Tuning Antibacterial Activity of Cyclodextrin-Attached Cationic Ammonium Surfactants by A Supramolecular Approach

Two β-cyclodextrin-attached cationic ammonium surfactants bearing a dodecyl chain (APDB) and a hexadecyl chain (APCB) were synthesized to reduce the cytotoxicity of cationic surfactants to mammalian cells and endow the surfactants with host-guest recognition sites, and three kinds of guest molecules were utilized to improve the antibacterial ability of APDB and APCB via host-guest interaction by regulating the electrostatic or hydrophobic interaction of APDB or APCB with bacteria. The guest molecules include AD-NH3+ carrying one positive charge, DB with a benzene ring group and a dodecyl chain, and single chain cationic ammonium surfactant DTAB or CTAB. Either AD-NH3+ or DB increases the killing efficacy of APCB against S. aureus at 50 μM from 59% to about 75%, while DTAB or CTAB improves the killing efficacy of APCB to more than 90%. In particular, only a very small amount CTAB can improve the antibacterial activity of APCB to a very high level, but keeps very low cytotoxicity. However, the mixtures of the guest molecules with APDB are devoid of any activity against S. aureus. This is mainly attributed to the fact that APCB and its mixtures with the guest molecules form 100-200 nm spherical aggregates, while the mixtures of APDB with the guest molecules cannot form aggregates at lower concentration. It is revealed that the three kinds of guest molecules trapped in the APCB spherical aggregates lead to diverse interaction modes of the APCB spherical aggregates with S. aureus, accounting for the different killing efficacy of the APCB/guest molecule mixtures. This supramolecular strategy provides an effective approach for the construction of highly efficient antibacterial agents with low cytotoxicity.
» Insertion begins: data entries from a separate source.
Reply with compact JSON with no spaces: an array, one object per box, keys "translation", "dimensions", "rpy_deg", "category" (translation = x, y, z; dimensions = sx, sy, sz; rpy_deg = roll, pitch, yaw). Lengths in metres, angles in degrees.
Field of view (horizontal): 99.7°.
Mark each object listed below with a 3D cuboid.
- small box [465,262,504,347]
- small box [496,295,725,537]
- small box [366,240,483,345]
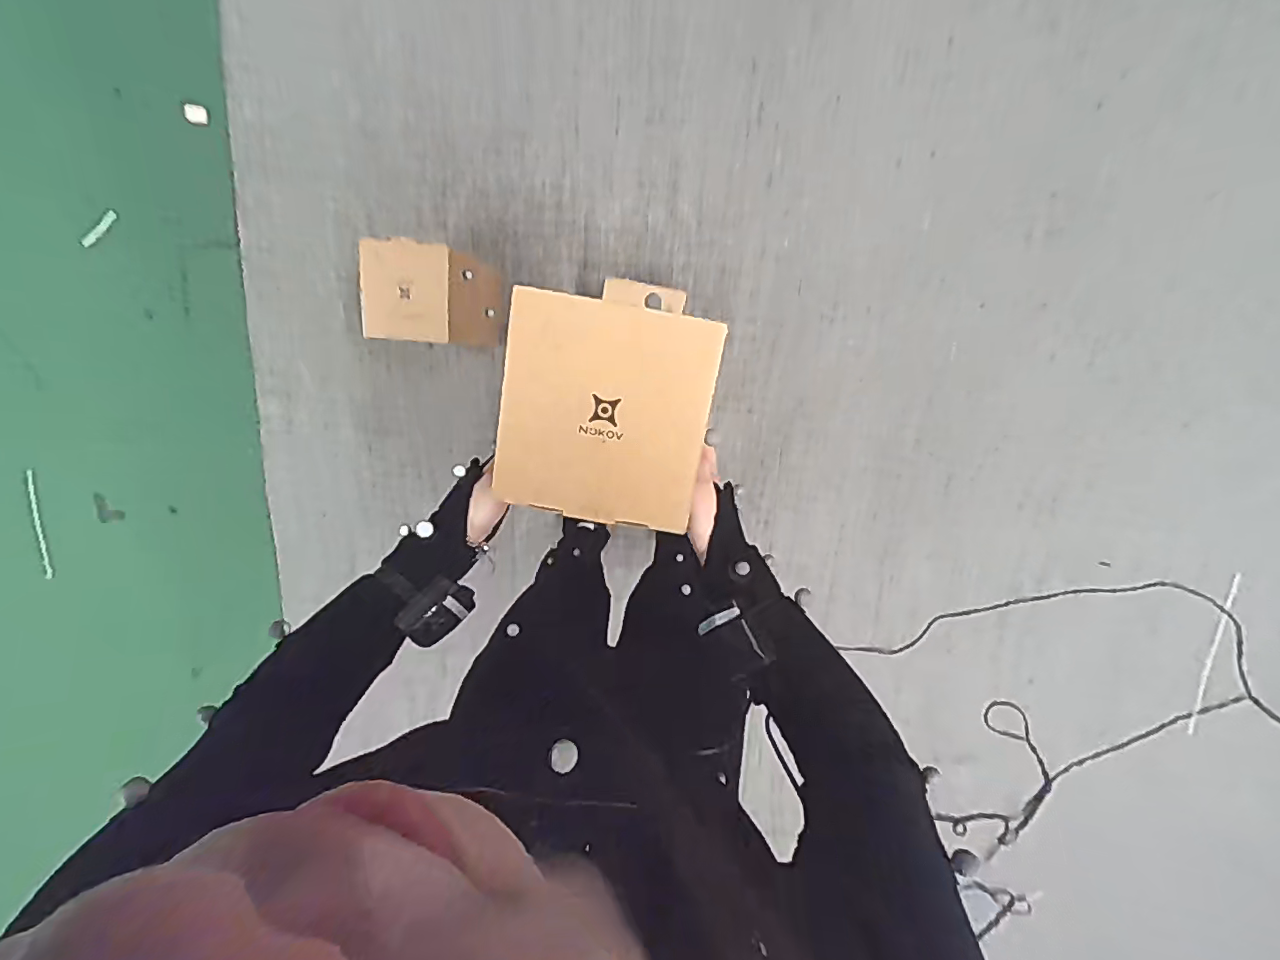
[{"translation":[-0.416,-0.405,1.234],"dimensions":[0.168,0.176,0.179],"rpy_deg":[8,105,1],"category":"small box"},{"translation":[-0.026,-0.069,0.513],"dimensions":[0.168,0.176,0.179],"rpy_deg":[10,107,0],"category":"small box"},{"translation":[-0.420,-0.365,1.076],"dimensions":[0.168,0.176,0.179],"rpy_deg":[5,105,2],"category":"small box"}]
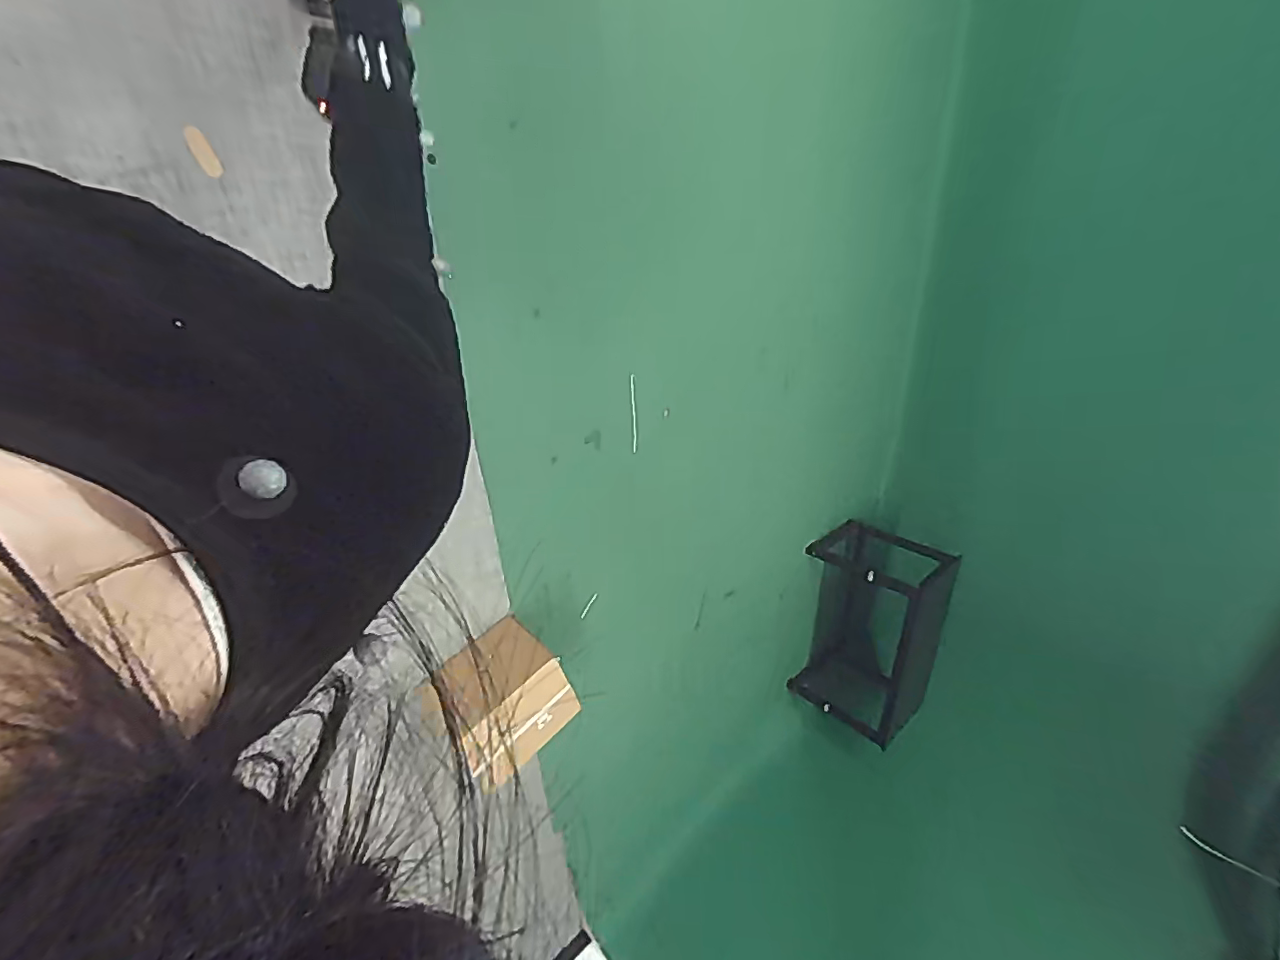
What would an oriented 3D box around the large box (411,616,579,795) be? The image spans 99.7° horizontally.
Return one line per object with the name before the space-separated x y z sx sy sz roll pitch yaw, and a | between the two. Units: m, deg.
large box | -0.491 0.756 1.859 0.408 0.320 0.320 -38 131 -29

Supramolecular Strategy Based on Conjugated Polymers for Discrimination of Virus and Pathogens

A conjugated polymer-based supramolecular system is designed for discrimination of virus and microbes. The supramolecular system is composed of cationic polythiophene derivative (PT) and barrel-shaped macrocyclic molecular cucurbit[7]uril (CB[7]). Because PT and PT/CB[7] complexes possess different interaction manners toward virus and microbes, the rapid and simple discrimination of virus and microbes was realized through polymer fluorescence intensity change assisting with standard linear discriminant analysis (LDA). The supramolecular strategy would expand the idea of designing biological probes and further promote the extensive application of conjugated polymer materials in biosensor field.